Mason was released from the NICU, we flew back to Fairbanks. My sister in law and Mother in law both met us in Fairbanks that evening. (one coming from California and the other from Iowa) I was definately feeling overwhelmed. At this time we knew Mason did have downs and I was feeling sicker by the day. After a couple weeks my family left. I told Mike I couldnt take the pain anymore I was feeling light headed, dizzy and like I was going to pass out. He took me to the ER. I stayed a couple nights at the hospital being put on medicine and IVs because they suspected me having an infection. They released me after 48 hours.

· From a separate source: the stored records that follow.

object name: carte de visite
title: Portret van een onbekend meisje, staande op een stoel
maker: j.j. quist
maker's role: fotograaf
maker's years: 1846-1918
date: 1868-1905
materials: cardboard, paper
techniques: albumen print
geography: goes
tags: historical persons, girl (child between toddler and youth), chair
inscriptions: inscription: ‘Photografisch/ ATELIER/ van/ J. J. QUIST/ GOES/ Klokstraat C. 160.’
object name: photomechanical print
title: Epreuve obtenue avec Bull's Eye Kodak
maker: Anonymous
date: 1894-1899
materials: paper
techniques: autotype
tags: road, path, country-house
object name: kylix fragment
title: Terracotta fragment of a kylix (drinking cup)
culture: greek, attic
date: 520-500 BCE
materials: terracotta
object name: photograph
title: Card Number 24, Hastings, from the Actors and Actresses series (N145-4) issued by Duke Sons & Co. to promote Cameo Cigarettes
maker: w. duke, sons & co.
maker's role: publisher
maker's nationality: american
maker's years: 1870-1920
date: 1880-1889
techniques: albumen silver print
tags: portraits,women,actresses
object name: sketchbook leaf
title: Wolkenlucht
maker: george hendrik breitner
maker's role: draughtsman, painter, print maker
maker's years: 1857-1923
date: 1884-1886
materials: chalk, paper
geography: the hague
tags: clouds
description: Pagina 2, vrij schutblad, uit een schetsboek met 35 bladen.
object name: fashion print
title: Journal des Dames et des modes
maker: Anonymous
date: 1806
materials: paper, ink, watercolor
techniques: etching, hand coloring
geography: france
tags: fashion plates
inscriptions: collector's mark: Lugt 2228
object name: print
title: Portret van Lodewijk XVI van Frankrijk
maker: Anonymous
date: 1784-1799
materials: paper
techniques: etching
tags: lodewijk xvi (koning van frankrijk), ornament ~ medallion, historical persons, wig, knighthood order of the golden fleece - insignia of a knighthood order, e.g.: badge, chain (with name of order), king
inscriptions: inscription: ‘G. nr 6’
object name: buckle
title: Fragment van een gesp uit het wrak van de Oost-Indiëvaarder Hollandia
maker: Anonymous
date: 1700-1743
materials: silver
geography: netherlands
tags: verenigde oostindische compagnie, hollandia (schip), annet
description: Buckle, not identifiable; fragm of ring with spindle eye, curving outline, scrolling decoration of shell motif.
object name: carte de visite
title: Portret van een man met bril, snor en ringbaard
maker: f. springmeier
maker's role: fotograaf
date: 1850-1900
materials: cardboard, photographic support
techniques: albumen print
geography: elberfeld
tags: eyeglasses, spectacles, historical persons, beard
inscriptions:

I was told if I got a fever I had to come back. It was just a few short hours I had a fever. Back to the ER I went. The doctor told me they needed to keep me longer to run tests to see what was going on. It was that moment I had my first panic attack. I had to be taken away from my family, my newborn baby, a 5 year old I have only been away from a hand full of times and relying on my husband to take care of my kids when I was always the one to do so. I needed to be with my family. The doctor told me it has been more then a month and If I did have an infection I could be in serious trouble. They gave me some good drugs to calm me down. I had an MRI done which determined I had a large amount of infection. I had to have an emergency surgery. After the surgery I had to have another MRI done which showed I had a kidney infection in result of my other infection causing one of the kidneys not to function. Needing ANOTHER surgery. Being put completely down again, on oxygen and away from my family I was scared, and completely numb.
10 days, 2 surgeries, pain killer after pain killer, ALOT of Morphine, more tears then I have cried in my entire life, antidepressants, Xanax, fluids, alot of needles, 50lbs lighter and alot of prayer I was feeling better and was released from the hospital. As of today I am no longer on anti depressants or Xanax but at the time I felt I had no control of my life and needed that extra boost.
The lesson I learned was to take care of myself, I was deathly ill because the infection had started to spread in my blood stream. I cant say I would of done things differently but If I was ever put in that place again I would really think things through. ha ha.
Through the surgeries there was damage done leaving a high risk of not being able to have another baby, and at great risk of miscarriage or tubal pregnancies.
Through my blogging I chose not to blog about this time because it was the most challenging, and emotional time of my life. Now I look back and realize how much I have went through and how strong I am to this day because of this journey.